**Requirement**
Exclude the pictures, then restate every entry below exactly.

─── Data shown

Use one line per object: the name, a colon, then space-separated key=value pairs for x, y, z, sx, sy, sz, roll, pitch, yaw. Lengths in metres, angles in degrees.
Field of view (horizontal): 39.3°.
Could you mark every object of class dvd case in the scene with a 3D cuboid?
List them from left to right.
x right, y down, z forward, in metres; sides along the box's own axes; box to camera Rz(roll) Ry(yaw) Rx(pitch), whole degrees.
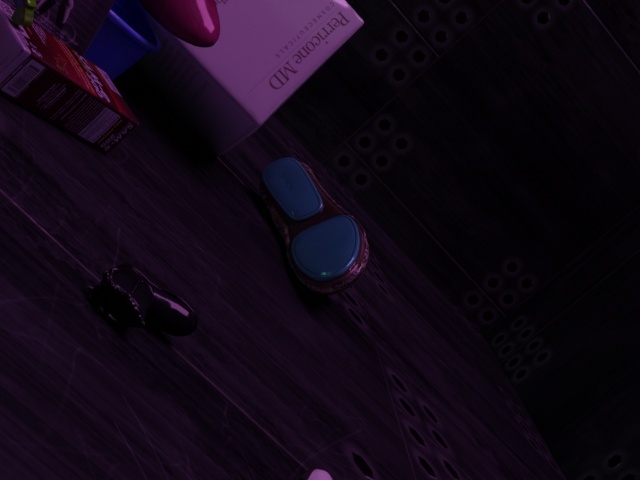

──────

**Solution**
Use one line per object: the name, a colon, then space-separated key=value pairs for x, y, z, sx, sy, sz, roll, pitch, yaw. Lengths in metres, angles in degrees.
Field of view (horizontal): 39.3°.
Could you mark every object of class dvd case in the scene with a 3D cuboid?
List them from left to right.
x right, y down, z forward, in metres; sides along the box's own axes; box to camera Rz(roll) Ry(yaw) Rx(pitch), whole degrees.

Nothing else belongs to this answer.